§ Aim of the exercise
After locating the line that contains "#1 short metal cylinder (103,165,159,210)" in the data below, set down exactly that line and each one after it through the line that contains "name: x=_ y=_", and nothing more.

□ □ □ □ □ □ □

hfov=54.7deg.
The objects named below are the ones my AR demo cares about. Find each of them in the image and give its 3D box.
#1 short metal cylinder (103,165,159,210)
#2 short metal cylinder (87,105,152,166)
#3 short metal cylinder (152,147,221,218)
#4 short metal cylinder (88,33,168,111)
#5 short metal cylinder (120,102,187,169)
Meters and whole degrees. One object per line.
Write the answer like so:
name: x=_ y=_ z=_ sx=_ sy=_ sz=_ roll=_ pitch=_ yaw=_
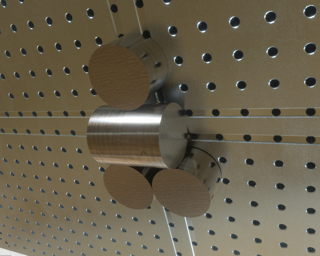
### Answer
short metal cylinder: x=-0.035 y=0.072 z=0.455 sx=0.080 sy=0.050 sz=0.079 roll=13 pitch=124 yaw=20
short metal cylinder: x=-0.050 y=0.009 z=0.406 sx=0.050 sy=0.080 sz=0.080 roll=0 pitch=119 yaw=28
short metal cylinder: x=0.036 y=0.073 z=0.418 sx=0.080 sy=0.050 sz=0.079 roll=13 pitch=124 yaw=20
short metal cylinder: x=-0.037 y=-0.068 z=0.371 sx=0.080 sy=0.050 sz=0.079 roll=13 pitch=124 yaw=20
short metal cylinder: x=-0.005 y=0.009 z=0.383 sx=0.050 sy=0.080 sz=0.080 roll=0 pitch=119 yaw=28

□ □ □ □ □ □ □

§ Reply
#1 short metal cylinder (103,165,159,210)
#2 short metal cylinder (87,105,152,166)
#3 short metal cylinder (152,147,221,218)
#4 short metal cylinder (88,33,168,111)
#5 short metal cylinder (120,102,187,169)
Meters and whole degrees. One object per line.
Write the answer like so:
name: x=_ y=_ z=_ sx=_ sy=_ sz=_ roll=_ pitch=_ yaw=_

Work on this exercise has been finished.